(Beginning of Data for this task)

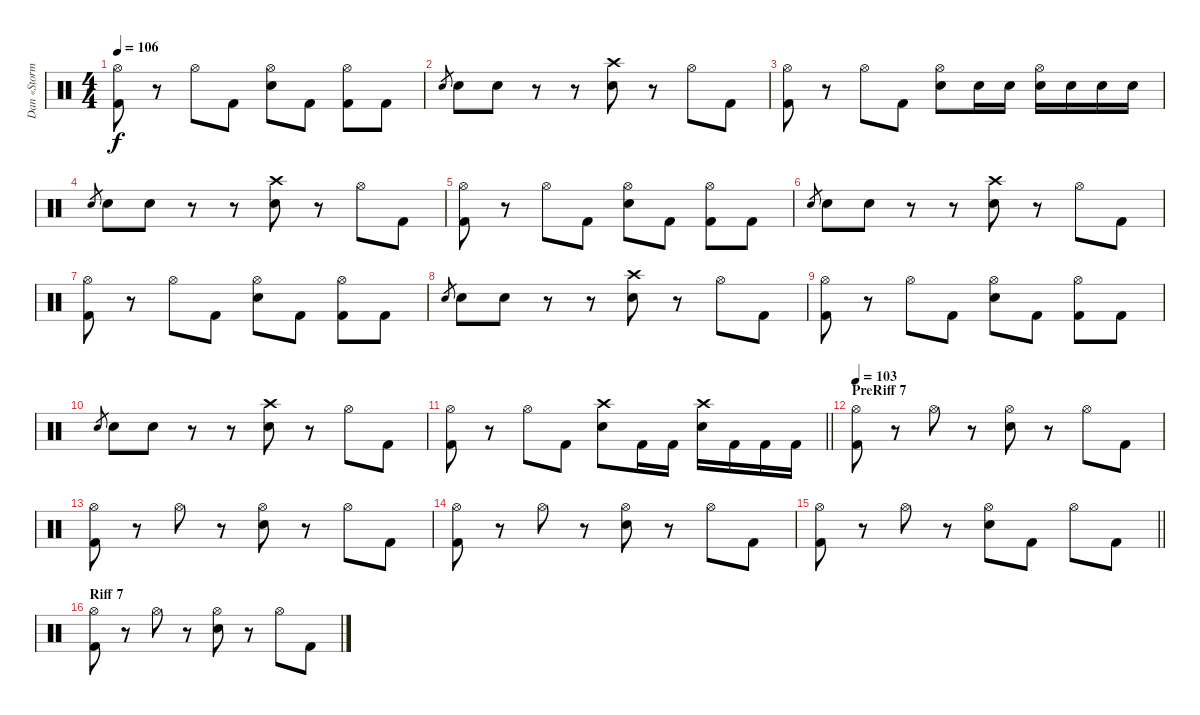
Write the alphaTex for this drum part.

\track ("Dan «Storm» Mullins" "Dan «Storm") {instrument percussion}
\staff {score}
\articulation defaults
\ts (4 4)
\tempo 106
\clef neutral
\ks c
("Hi-Hat (open)" "Kick (hit) 2").8{dy f} r.8 "Hi-Hat (open)".8 "Kick (hit) 2".8 ("Hi-Hat (open)" "Electric Snare (hit)").8 "Kick (hit) 2".8 ("Hi-Hat (open)" "Kick (hit) 2").8 "Kick (hit) 2".8 |
"Electric Snare (hit)".8{gr} "Electric Snare (hit)".8 "Electric Snare (hit)".8 r.8 r.8 ("Crash high (hit)" "Electric Snare (hit)").8 r.8 "Hi-Hat (open)".8 "Kick (hit) 2".8 |
("Hi-Hat (open)" "Kick (hit) 2").8 r.8 "Hi-Hat (open)".8 "Kick (hit) 2".8 ("Hi-Hat (open)" "Electric Snare (hit)").8 "Electric Snare (hit)".16 "Electric Snare (hit)".16 ("Hi-Hat (open)" "Electric Snare (hit)").16 "Electric Snare (hit)".16 "Electric Snare (hit)".16 "Electric Snare (hit)".16 |
"Electric Snare (hit)".8{gr} "Electric Snare (hit)".8 "Electric Snare (hit)".8 r.8 r.8 ("Crash high (hit)" "Electric Snare (hit)").8 r.8 "Hi-Hat (open)".8 "Kick (hit) 2".8 |
("Hi-Hat (open)" "Kick (hit) 2").8 r.8 "Hi-Hat (open)".8 "Kick (hit) 2".8 ("Hi-Hat (open)" "Electric Snare (hit)").8 "Kick (hit) 2".8 ("Hi-Hat (open)" "Kick (hit) 2").8 "Kick (hit) 2".8 |
"Electric Snare (hit)".8{gr} "Electric Snare (hit)".8 "Electric Snare (hit)".8 r.8 r.8 ("Crash high (hit)" "Electric Snare (hit)").8 r.8 "Hi-Hat (open)".8 "Kick (hit) 2".8 |
("Hi-Hat (open)" "Kick (hit) 2").8 r.8 "Hi-Hat (open)".8 "Kick (hit) 2".8 ("Hi-Hat (open)" "Electric Snare (hit)").8 "Kick (hit) 2".8 ("Hi-Hat (open)" "Kick (hit) 2").8 "Kick (hit) 2".8 |
"Electric Snare (hit)".8{gr} "Electric Snare (hit)".8 "Electric Snare (hit)".8 r.8 r.8 ("Crash high (hit)" "Electric Snare (hit)").8 r.8 "Hi-Hat (open)".8 "Kick (hit) 2".8 |
("Hi-Hat (open)" "Kick (hit) 2").8 r.8 "Hi-Hat (open)".8 "Kick (hit) 2".8 ("Hi-Hat (open)" "Electric Snare (hit)").8 "Kick (hit) 2".8 ("Hi-Hat (open)" "Kick (hit) 2").8 "Kick (hit) 2".8 |
"Electric Snare (hit)".8{gr} "Electric Snare (hit)".8 "Electric Snare (hit)".8 r.8 r.8 ("Crash high (hit)" "Electric Snare (hit)").8 r.8 "Hi-Hat (open)".8 "Kick (hit) 2".8 |
\barLineRight lightlight
("Hi-Hat (open)" "Kick (hit) 2").8 r.8 "Hi-Hat (open)".8 "Kick (hit) 2".8 ("Crash high (hit)" "Electric Snare (hit)").8 "Kick (hit) 2".16 "Kick (hit) 2".16 ("Crash high (hit)" "Electric Snare (hit)").16 "Kick (hit) 2".16 "Kick (hit) 2".16 "Kick (hit) 2".16 |
\section ("" "PreRiff 7")
\tempo 103
("Hi-Hat (open)" "Kick (hit) 2").8 r.8 "Hi-Hat (open)".8 r.8 ("Hi-Hat (open)" "Electric Snare (hit)").8 r.8 "Hi-Hat (open)".8 "Kick (hit) 2".8 |
("Hi-Hat (open)" "Kick (hit) 2").8 r.8 "Hi-Hat (open)".8 r.8 ("Hi-Hat (open)" "Electric Snare (hit)").8 r.8 "Hi-Hat (open)".8 "Kick (hit) 2".8 |
("Hi-Hat (open)" "Kick (hit) 2").8 r.8 "Hi-Hat (open)".8 r.8 ("Hi-Hat (open)" "Electric Snare (hit)").8 r.8 "Hi-Hat (open)".8 "Kick (hit) 2".8 |
\barLineRight lightlight
("Hi-Hat (open)" "Kick (hit) 2").8 r.8 "Hi-Hat (open)".8 r.8 ("Hi-Hat (open)" "Electric Snare (hit)").8 "Kick (hit) 2".8 "Hi-Hat (open)".8 "Kick (hit) 2".8 |
\section ("" "Riff 7")
("Hi-Hat (open)" "Kick (hit) 2").8 r.8 "Hi-Hat (open)".8 r.8 ("Hi-Hat (open)" "Electric Snare (hit)").8 r.8 "Hi-Hat (open)".8 "Kick (hit) 2".8

(End of Data for this task)

## Your task
The response is the full listing, copied exactly, with the pictures omitted.

## Expected answer
Write the alphaTex for this drum part.

\track ("Dan «Storm» Mullins" "Dan «Storm") {instrument percussion}
\staff {score}
\articulation defaults
\ts (4 4)
\tempo 106
\clef neutral
\ks c
("Hi-Hat (open)" "Kick (hit) 2").8{dy f} r.8 "Hi-Hat (open)".8 "Kick (hit) 2".8 ("Hi-Hat (open)" "Electric Snare (hit)").8 "Kick (hit) 2".8 ("Hi-Hat (open)" "Kick (hit) 2").8 "Kick (hit) 2".8 |
"Electric Snare (hit)".8{gr} "Electric Snare (hit)".8 "Electric Snare (hit)".8 r.8 r.8 ("Crash high (hit)" "Electric Snare (hit)").8 r.8 "Hi-Hat (open)".8 "Kick (hit) 2".8 |
("Hi-Hat (open)" "Kick (hit) 2").8 r.8 "Hi-Hat (open)".8 "Kick (hit) 2".8 ("Hi-Hat (open)" "Electric Snare (hit)").8 "Electric Snare (hit)".16 "Electric Snare (hit)".16 ("Hi-Hat (open)" "Electric Snare (hit)").16 "Electric Snare (hit)".16 "Electric Snare (hit)".16 "Electric Snare (hit)".16 |
"Electric Snare (hit)".8{gr} "Electric Snare (hit)".8 "Electric Snare (hit)".8 r.8 r.8 ("Crash high (hit)" "Electric Snare (hit)").8 r.8 "Hi-Hat (open)".8 "Kick (hit) 2".8 |
("Hi-Hat (open)" "Kick (hit) 2").8 r.8 "Hi-Hat (open)".8 "Kick (hit) 2".8 ("Hi-Hat (open)" "Electric Snare (hit)").8 "Kick (hit) 2".8 ("Hi-Hat (open)" "Kick (hit) 2").8 "Kick (hit) 2".8 |
"Electric Snare (hit)".8{gr} "Electric Snare (hit)".8 "Electric Snare (hit)".8 r.8 r.8 ("Crash high (hit)" "Electric Snare (hit)").8 r.8 "Hi-Hat (open)".8 "Kick (hit) 2".8 |
("Hi-Hat (open)" "Kick (hit) 2").8 r.8 "Hi-Hat (open)".8 "Kick (hit) 2".8 ("Hi-Hat (open)" "Electric Snare (hit)").8 "Kick (hit) 2".8 ("Hi-Hat (open)" "Kick (hit) 2").8 "Kick (hit) 2".8 |
"Electric Snare (hit)".8{gr} "Electric Snare (hit)".8 "Electric Snare (hit)".8 r.8 r.8 ("Crash high (hit)" "Electric Snare (hit)").8 r.8 "Hi-Hat (open)".8 "Kick (hit) 2".8 |
("Hi-Hat (open)" "Kick (hit) 2").8 r.8 "Hi-Hat (open)".8 "Kick (hit) 2".8 ("Hi-Hat (open)" "Electric Snare (hit)").8 "Kick (hit) 2".8 ("Hi-Hat (open)" "Kick (hit) 2").8 "Kick (hit) 2".8 |
"Electric Snare (hit)".8{gr} "Electric Snare (hit)".8 "Electric Snare (hit)".8 r.8 r.8 ("Crash high (hit)" "Electric Snare (hit)").8 r.8 "Hi-Hat (open)".8 "Kick (hit) 2".8 |
\barLineRight lightlight
("Hi-Hat (open)" "Kick (hit) 2").8 r.8 "Hi-Hat (open)".8 "Kick (hit) 2".8 ("Crash high (hit)" "Electric Snare (hit)").8 "Kick (hit) 2".16 "Kick (hit) 2".16 ("Crash high (hit)" "Electric Snare (hit)").16 "Kick (hit) 2".16 "Kick (hit) 2".16 "Kick (hit) 2".16 |
\section ("" "PreRiff 7")
\tempo 103
("Hi-Hat (open)" "Kick (hit) 2").8 r.8 "Hi-Hat (open)".8 r.8 ("Hi-Hat (open)" "Electric Snare (hit)").8 r.8 "Hi-Hat (open)".8 "Kick (hit) 2".8 |
("Hi-Hat (open)" "Kick (hit) 2").8 r.8 "Hi-Hat (open)".8 r.8 ("Hi-Hat (open)" "Electric Snare (hit)").8 r.8 "Hi-Hat (open)".8 "Kick (hit) 2".8 |
("Hi-Hat (open)" "Kick (hit) 2").8 r.8 "Hi-Hat (open)".8 r.8 ("Hi-Hat (open)" "Electric Snare (hit)").8 r.8 "Hi-Hat (open)".8 "Kick (hit) 2".8 |
\barLineRight lightlight
("Hi-Hat (open)" "Kick (hit) 2").8 r.8 "Hi-Hat (open)".8 r.8 ("Hi-Hat (open)" "Electric Snare (hit)").8 "Kick (hit) 2".8 "Hi-Hat (open)".8 "Kick (hit) 2".8 |
\section ("" "Riff 7")
("Hi-Hat (open)" "Kick (hit) 2").8 r.8 "Hi-Hat (open)".8 r.8 ("Hi-Hat (open)" "Electric Snare (hit)").8 r.8 "Hi-Hat (open)".8 "Kick (hit) 2".8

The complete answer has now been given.